At a nonviolence workshop this weekend, we got some tips from Bernard Lafayette, renowned activist, educator and organizer, who cofounded the Student Nonviolent Coordinating Committee in 1960 and worked side by side with Martin Luther King. He shared these principles of nonviolence:

  • Nonviolence is a way of life for courageous people. Far from being a position of “peace at any price” or weakness, nonviolence is a positive force confronting the forces of injustice that uses people’s spiritual, emotional and intellectual capabilities as a vital force for change and reconciliation.

  •  The Beloved Community is the framework for the future. Nonviolence is an effort to achieve a reconciled world by raising the level of relationships among people to a height where justice prevails and people achieve their full human potential.

    A reconciled world where justice prevails…does that sound like anything we’ve talked about here? “Imagine,” said Dr.

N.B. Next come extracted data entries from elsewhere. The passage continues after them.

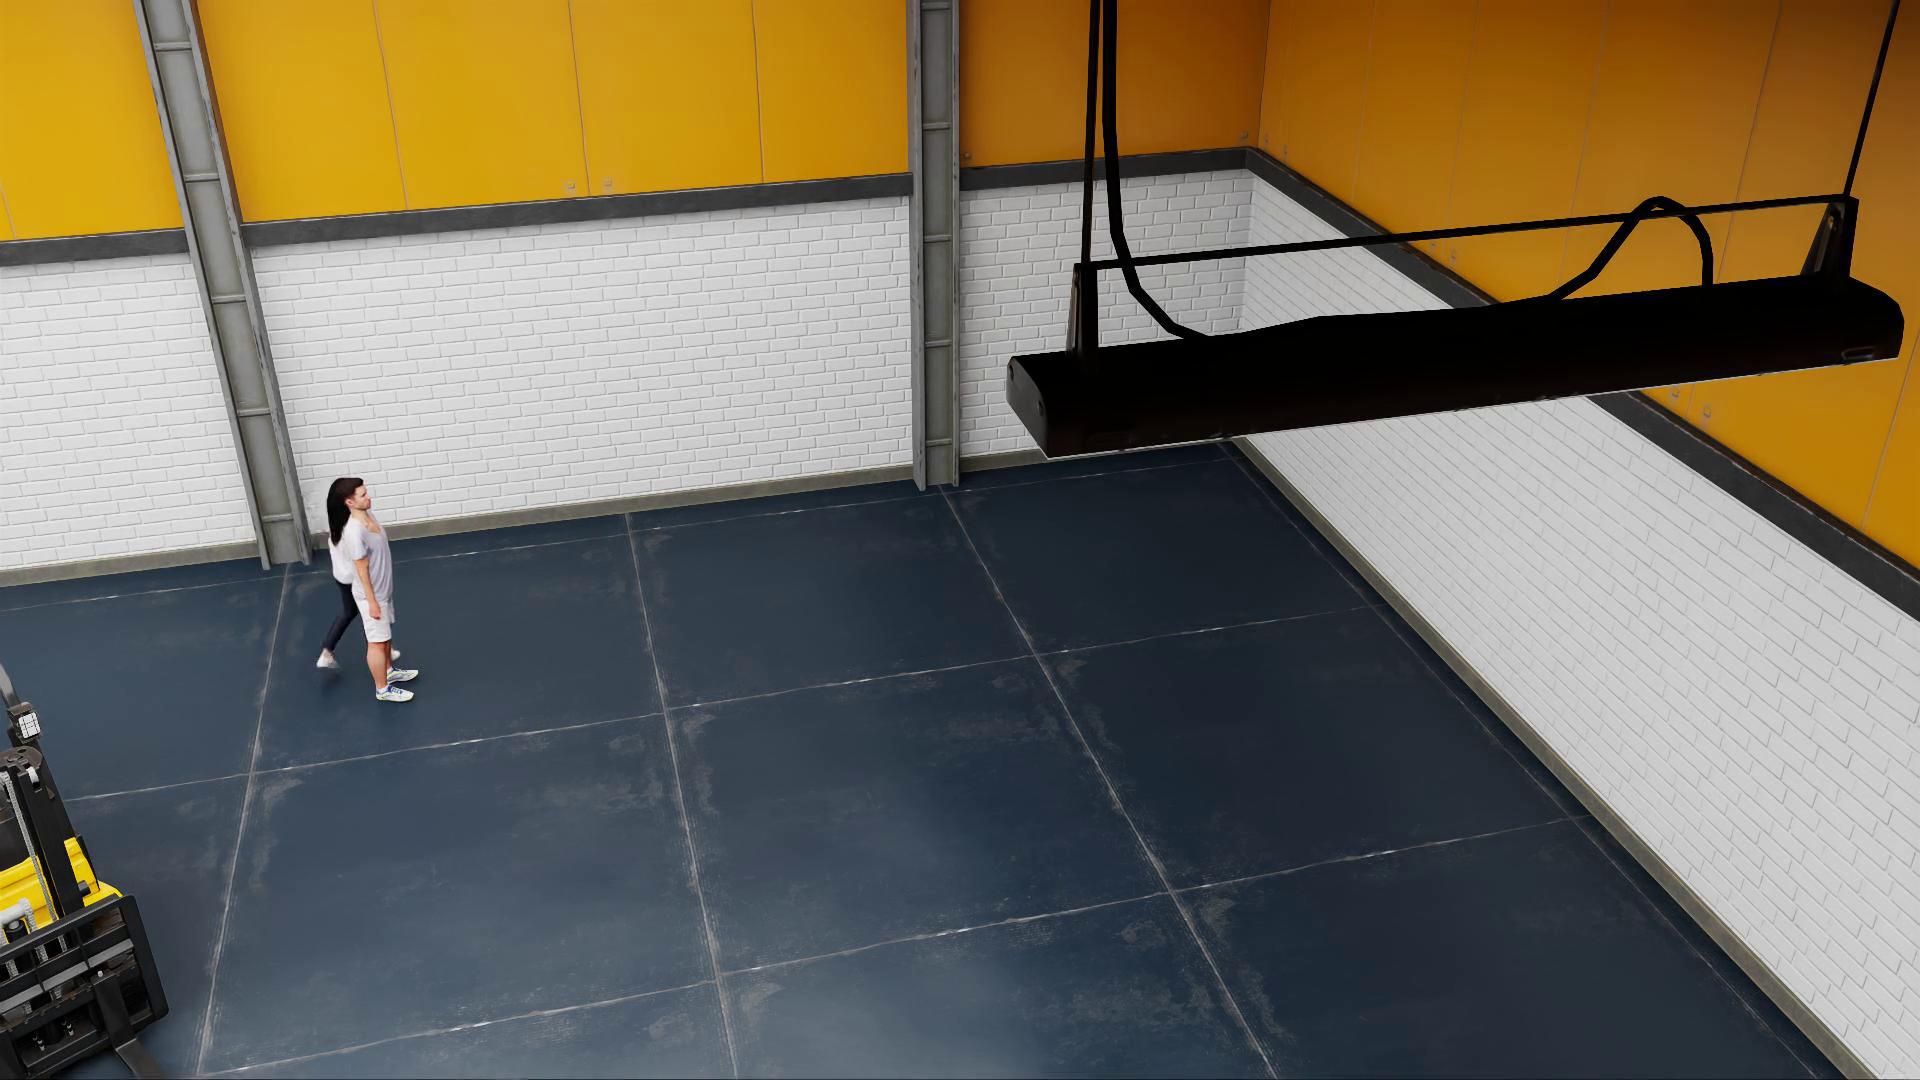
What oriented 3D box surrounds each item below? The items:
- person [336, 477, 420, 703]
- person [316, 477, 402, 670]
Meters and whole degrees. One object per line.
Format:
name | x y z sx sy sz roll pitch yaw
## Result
person | -4.466 0.358 12.642 0.582 1.855 0.702 -5 29 -8
person | -4.778 0.308 12.918 0.880 1.677 0.991 22 36 34

Lafayette, “if the President of the United States tweeted, ‘the Beloved Community is the framework for the future.’”

  • Attack forces of evil, not persons doing evil. This is something we’ve talked about here at New Pilgrims as well. The nonviolent approach analyzes the conditions, policies and practices of conflict rather than reacting to personalities.

  • Here’s a tough one: Accept suffering without retaliation for the sake of the cause. At the workshop we watched a film clip from the lunch counter sit-ins in Birmingham. It had been a long time since I watched those brave young adults suffer beatings, insults and humiliation without retaliation. I hope our children still watch this in high school, as I did. It sends a powerful message. Self-chosen suffering can be redemptive and can deepen the spiritual dimension of a movement.

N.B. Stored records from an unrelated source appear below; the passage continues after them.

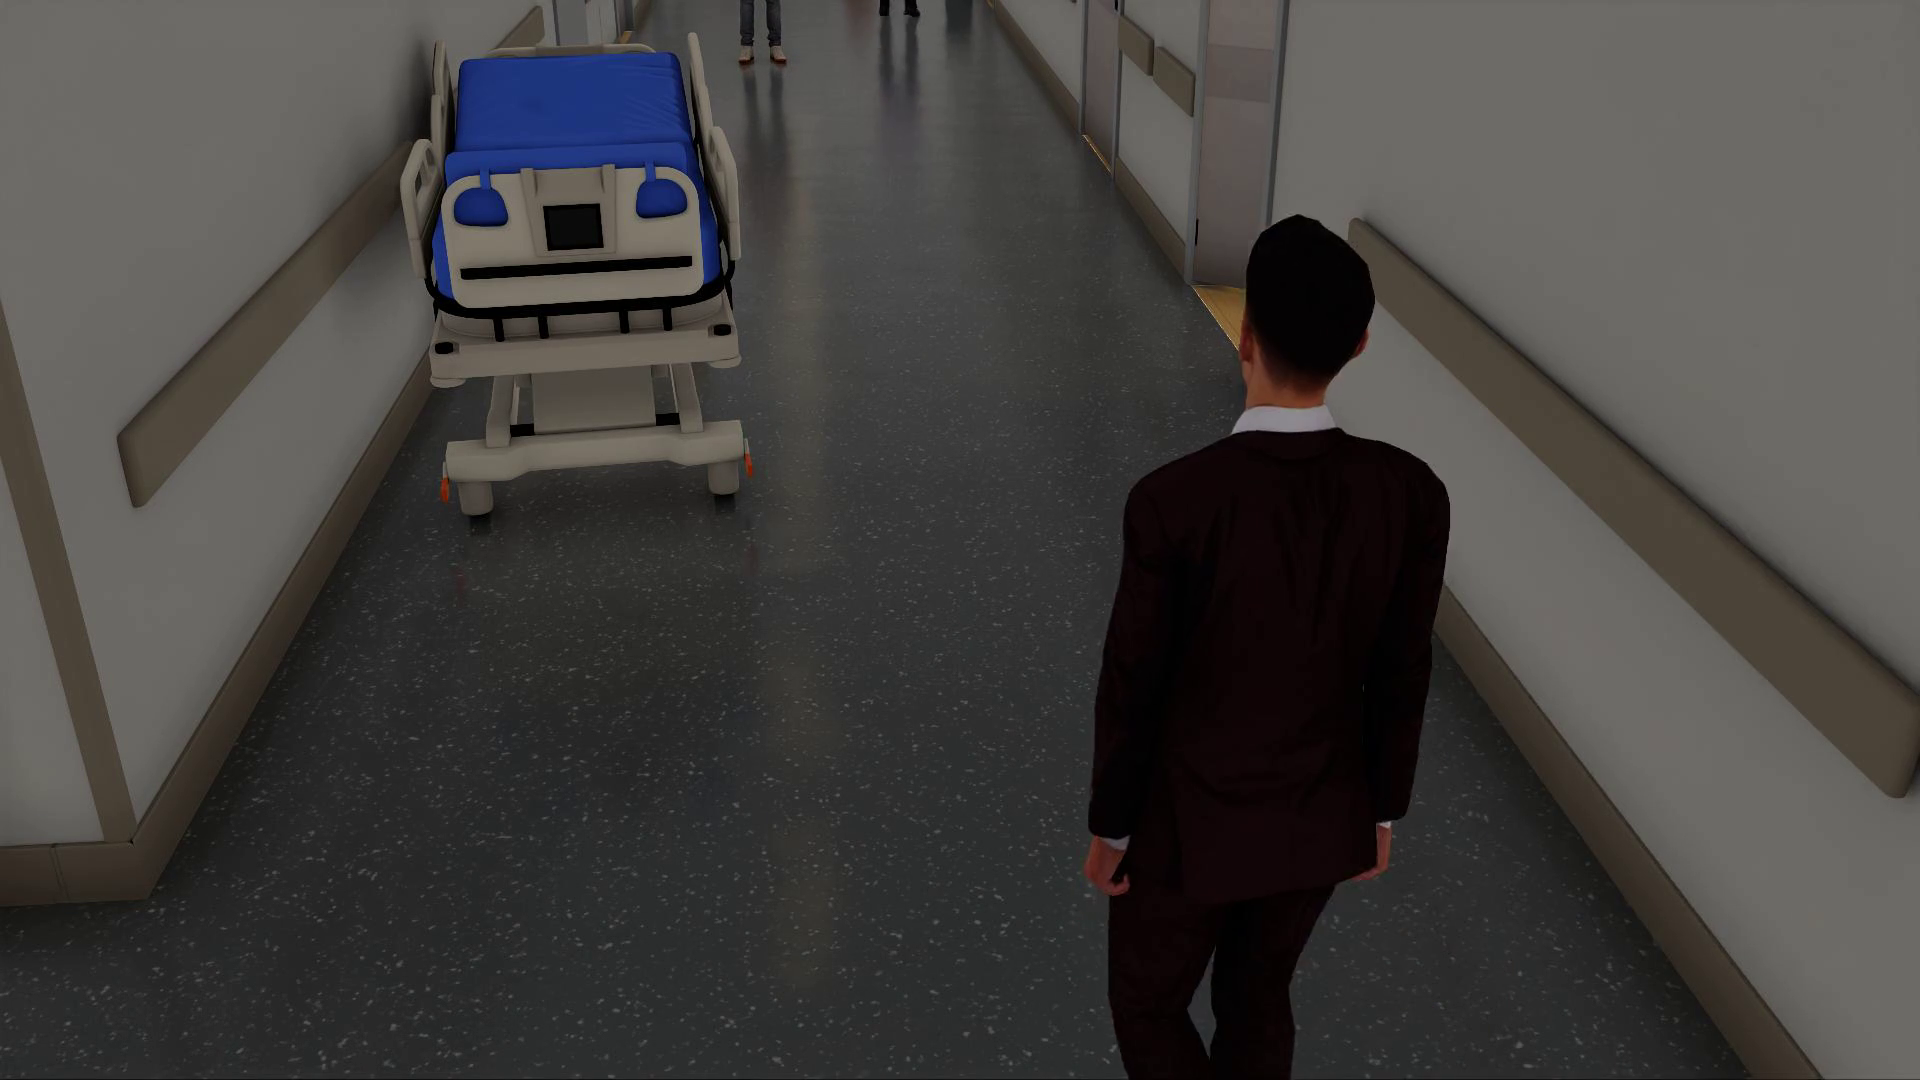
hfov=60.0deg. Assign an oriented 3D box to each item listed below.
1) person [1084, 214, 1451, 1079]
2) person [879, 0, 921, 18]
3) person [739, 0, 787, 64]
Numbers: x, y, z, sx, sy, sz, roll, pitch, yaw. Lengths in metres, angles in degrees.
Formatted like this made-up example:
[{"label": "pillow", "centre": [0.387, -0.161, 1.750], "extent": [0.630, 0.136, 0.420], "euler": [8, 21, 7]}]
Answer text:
[{"label": "person", "centre": [0.461, 0.462, 2.572], "extent": [0.891, 1.852, 0.819], "euler": [-5, 26, -11]}, {"label": "person", "centre": [-0.625, -5.985, 15.950], "extent": [0.635, 1.844, 0.786], "euler": [2, 26, 5]}, {"label": "person", "centre": [-1.660, -4.913, 13.667], "extent": [0.516, 1.897, 0.749], "euler": [-5, 26, -10]}]

  • Avoid internal violence of the spirit as well as external physical violence. This principle gets to the heart of Jesus’ message in the Sermon on the Mount.

    The nonviolent resister refuses to commit violence against an opponent and also refuses to hate the opponent. In the struggle for human dignity, the oppressed must not succumb to the temptation to bitterness and hatred, which only increases the sum total of hatred in the world.

    Love your enemies. Pray for those who persecute you. And tend to your own spirit.

    According to Dr. Lafayette, “Specific activities must be designed to help maintain a high level of spirit and morale during a nonviolent campaign.” It is my prayer and hope that some of what we experience here together in community is a healing and lifting of our spirits.

  • The universe is on the side of justice. If we don’t believe this, what hope is there? This is the basis for all the world’s great religious and humanist movements. Nonviolence creates a moral context in which nonviolence is both the means and the end.

I think Jesus would agree with these principles. In fact, I think he was preaching them in the Sermon on the Mount. But it seems that no matter how faithfully we love our enemies, no matter how effective we become at practicing nonviolence and undermining the foundations of evil, for Jesus that still isn’t enough.

Let’s take another look at that moral prescription from the Sermon on the Mount:

–Turn the other cheek–
–Give your cloak as well as your coat–
–Go the extra mile–
–Give to everyone who begs from you–
 –Do not refuse anyone who wants to borrow from you–
–Love your enemies–
–Pray for those who persecute you–

And – and, “Be perfect, as God is perfect.” Even those who stuck around for the entire Sermon on the Mount, who didn’t try to slip away early or distract themselves from all these admonitions to live and give more selflessly, are probably ready to bail at this point.

Be perfect? Like God? You’ve got to be kidding me.
Jesus has gone too far – is he setting his listeners up for failure, challenging them with an impossible task?

Or, is he giving us a glimpse of the culture of God, offering the possibility that we too may love each other, and the world, with such abundant, unconditional love?